▶ What the task requires: Each line in the entries below that holds the word "Give" belongs in the answer.

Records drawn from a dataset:

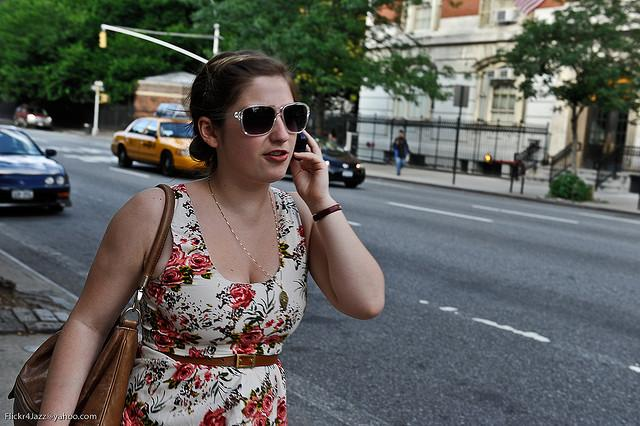What is the woman wearing sunglasses doing?

Choices:
A) crossing street
B) talking
C) listening
D) recording talking 
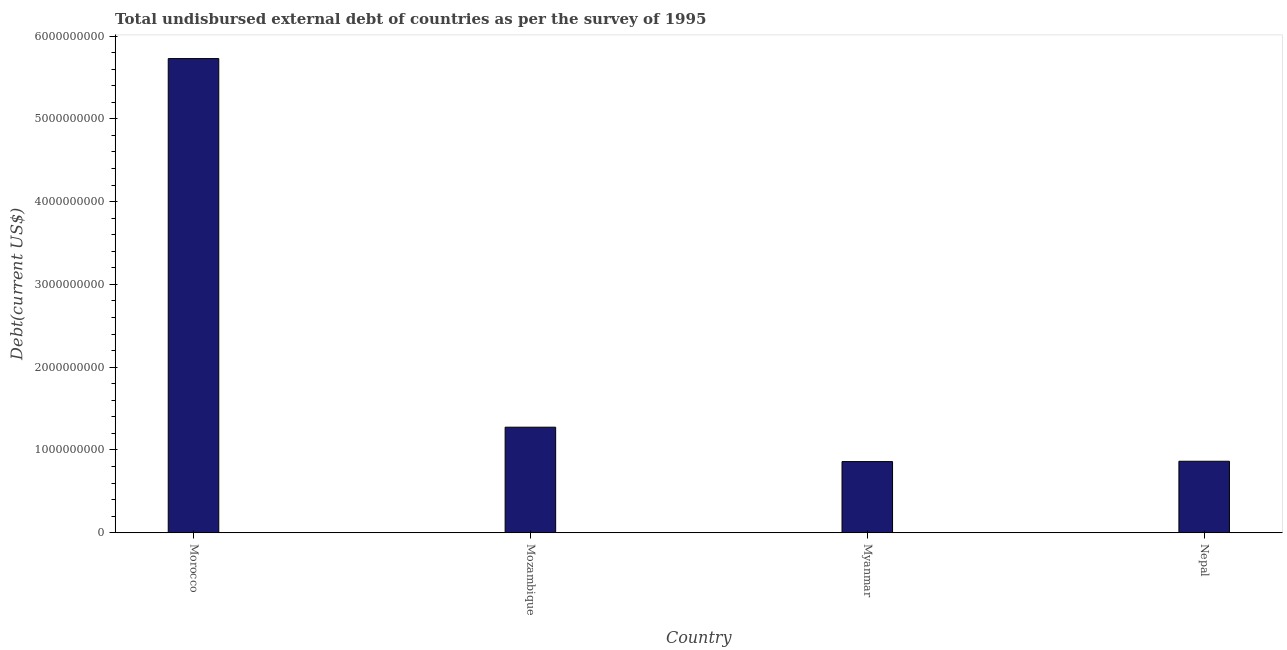Does the graph contain any zero values?
Make the answer very short. No. What is the title of the graph?
Your response must be concise. Total undisbursed external debt of countries as per the survey of 1995. What is the label or title of the Y-axis?
Offer a very short reply. Debt(current US$). What is the total debt in Myanmar?
Keep it short and to the point. 8.59e+08. Across all countries, what is the maximum total debt?
Give a very brief answer. 5.73e+09. Across all countries, what is the minimum total debt?
Your answer should be compact. 8.59e+08. In which country was the total debt maximum?
Provide a short and direct response. Morocco. In which country was the total debt minimum?
Make the answer very short. Myanmar. What is the sum of the total debt?
Keep it short and to the point. 8.72e+09. What is the difference between the total debt in Morocco and Myanmar?
Offer a very short reply. 4.87e+09. What is the average total debt per country?
Your answer should be compact. 2.18e+09. What is the median total debt?
Give a very brief answer. 1.07e+09. What is the ratio of the total debt in Morocco to that in Mozambique?
Ensure brevity in your answer.  4.49. What is the difference between the highest and the second highest total debt?
Your response must be concise. 4.45e+09. Is the sum of the total debt in Mozambique and Nepal greater than the maximum total debt across all countries?
Provide a succinct answer. No. What is the difference between the highest and the lowest total debt?
Provide a short and direct response. 4.87e+09. Are the values on the major ticks of Y-axis written in scientific E-notation?
Your response must be concise. No. What is the Debt(current US$) of Morocco?
Your response must be concise. 5.73e+09. What is the Debt(current US$) of Mozambique?
Keep it short and to the point. 1.27e+09. What is the Debt(current US$) in Myanmar?
Offer a very short reply. 8.59e+08. What is the Debt(current US$) in Nepal?
Ensure brevity in your answer.  8.63e+08. What is the difference between the Debt(current US$) in Morocco and Mozambique?
Provide a succinct answer. 4.45e+09. What is the difference between the Debt(current US$) in Morocco and Myanmar?
Make the answer very short. 4.87e+09. What is the difference between the Debt(current US$) in Morocco and Nepal?
Give a very brief answer. 4.86e+09. What is the difference between the Debt(current US$) in Mozambique and Myanmar?
Offer a terse response. 4.15e+08. What is the difference between the Debt(current US$) in Mozambique and Nepal?
Keep it short and to the point. 4.12e+08. What is the difference between the Debt(current US$) in Myanmar and Nepal?
Offer a terse response. -3.81e+06. What is the ratio of the Debt(current US$) in Morocco to that in Mozambique?
Give a very brief answer. 4.49. What is the ratio of the Debt(current US$) in Morocco to that in Myanmar?
Make the answer very short. 6.67. What is the ratio of the Debt(current US$) in Morocco to that in Nepal?
Give a very brief answer. 6.64. What is the ratio of the Debt(current US$) in Mozambique to that in Myanmar?
Your answer should be compact. 1.48. What is the ratio of the Debt(current US$) in Mozambique to that in Nepal?
Give a very brief answer. 1.48. What is the ratio of the Debt(current US$) in Myanmar to that in Nepal?
Give a very brief answer. 1. 
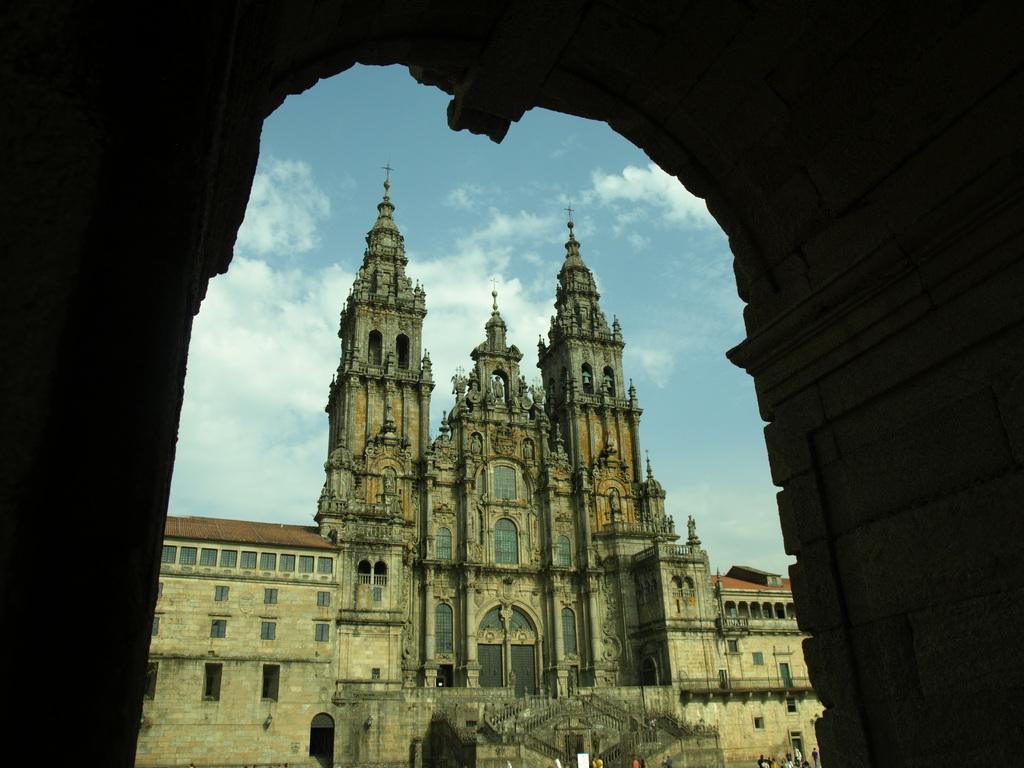Please provide a concise description of this image. In this image there is a building in the background. In the foreground there is an entrance. The sky is cloudy. There are few people here. 
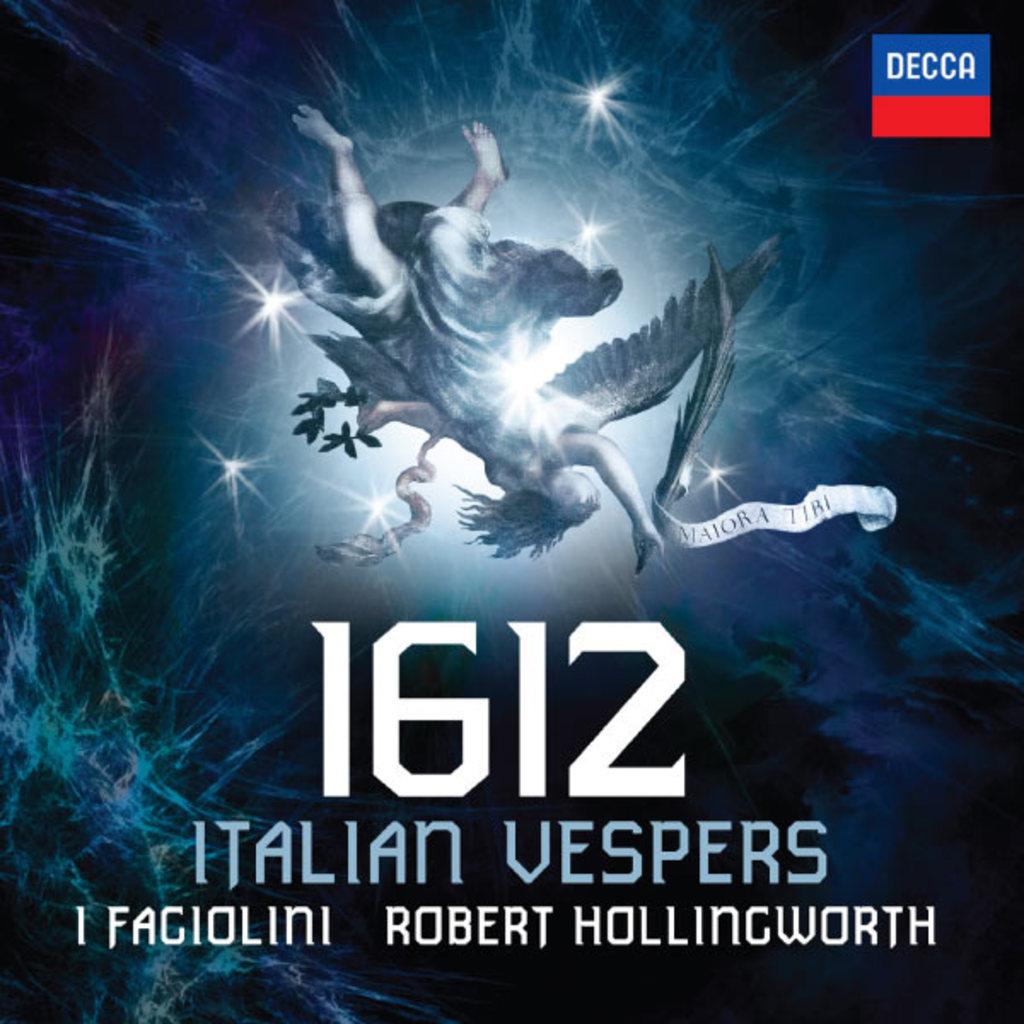What year is shown?
Make the answer very short. 1612. What is the title of this?
Your answer should be very brief. 1612. 
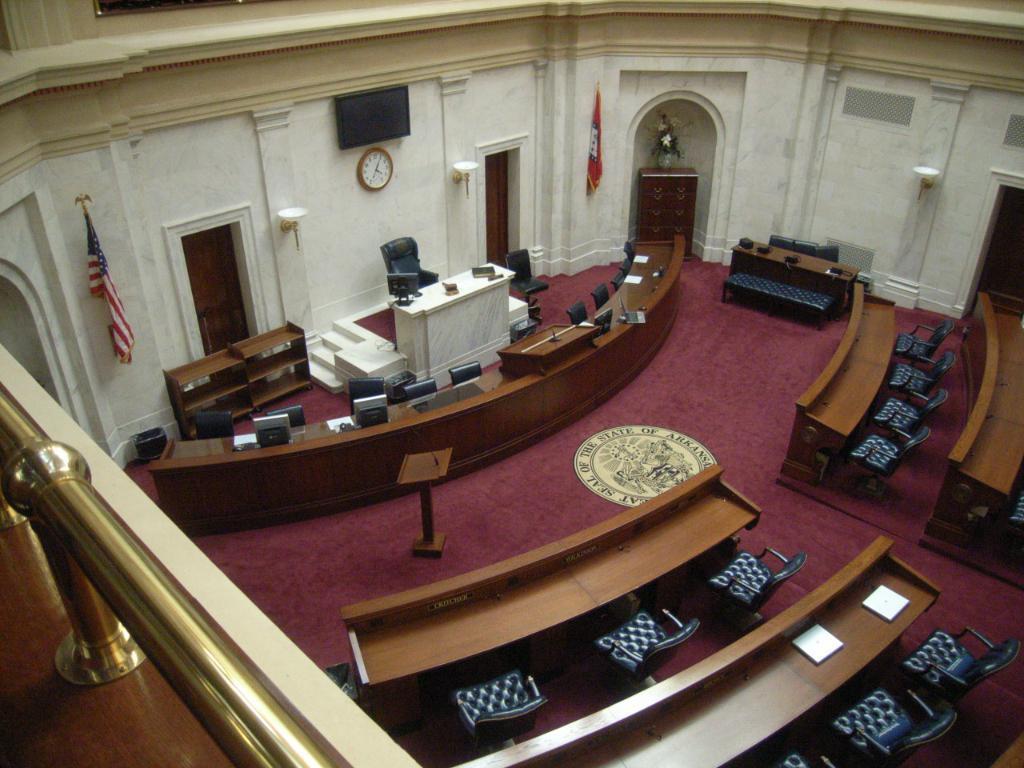How would you summarize this image in a sentence or two? In this picture I can see there is a table and chairs are assembled here and there is another chair and table. On the wall there are two flags, and there is a watch and a television screen. 
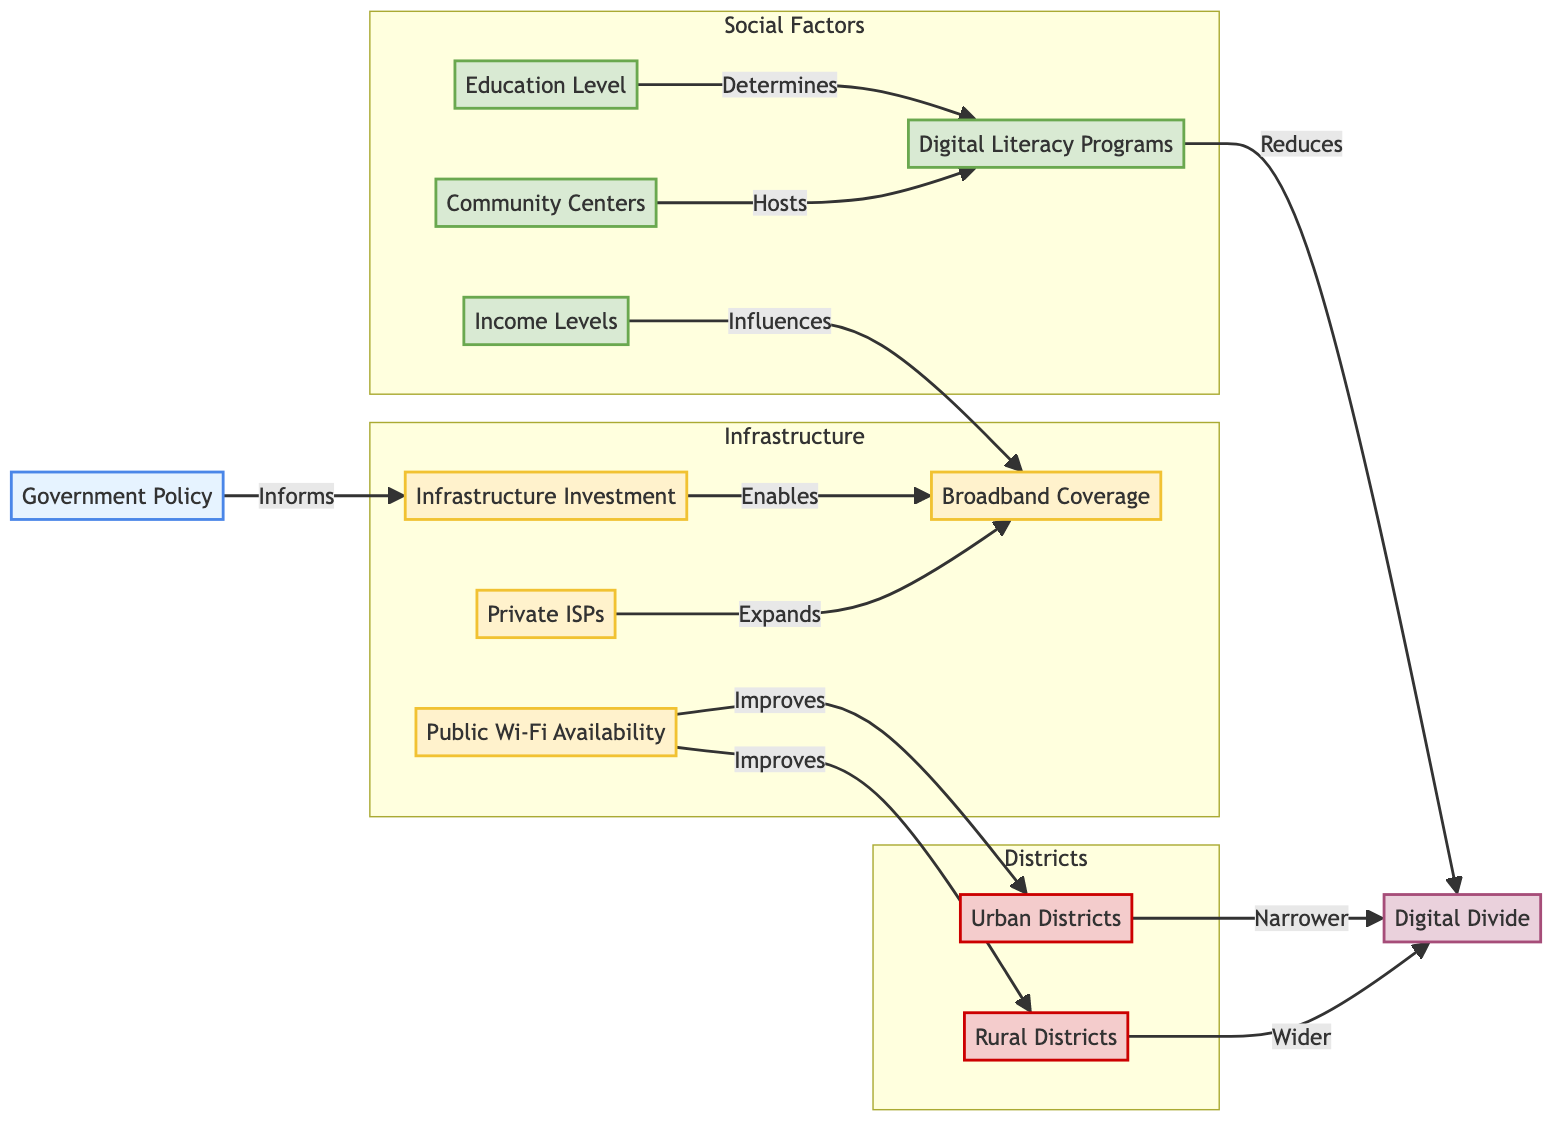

▶ Written answer:
Give a very brief answer. 5.73e+09. Across all countries, what is the minimum total debt?
Give a very brief answer. 1.07e+09. What is the ratio of the total debt in Morocco to that in Mozambique?
Give a very brief answer. 4.86e+09. What is the difference between the Debt(current US$) in Mozambique and Myanmar?
Give a very brief answer. 4.49. What is the ratio of the Debt(current US$) in Morocco to that in Myanmar?
Give a very brief answer. 6.64. What is the ratio of the Debt(current US$) in Mozambique to that in Myanmar?
Give a very brief answer. 1.48. What is the ratio of the Debt(current US$) in Myanmar to that in Nepal?
Give a very brief answer. 1. 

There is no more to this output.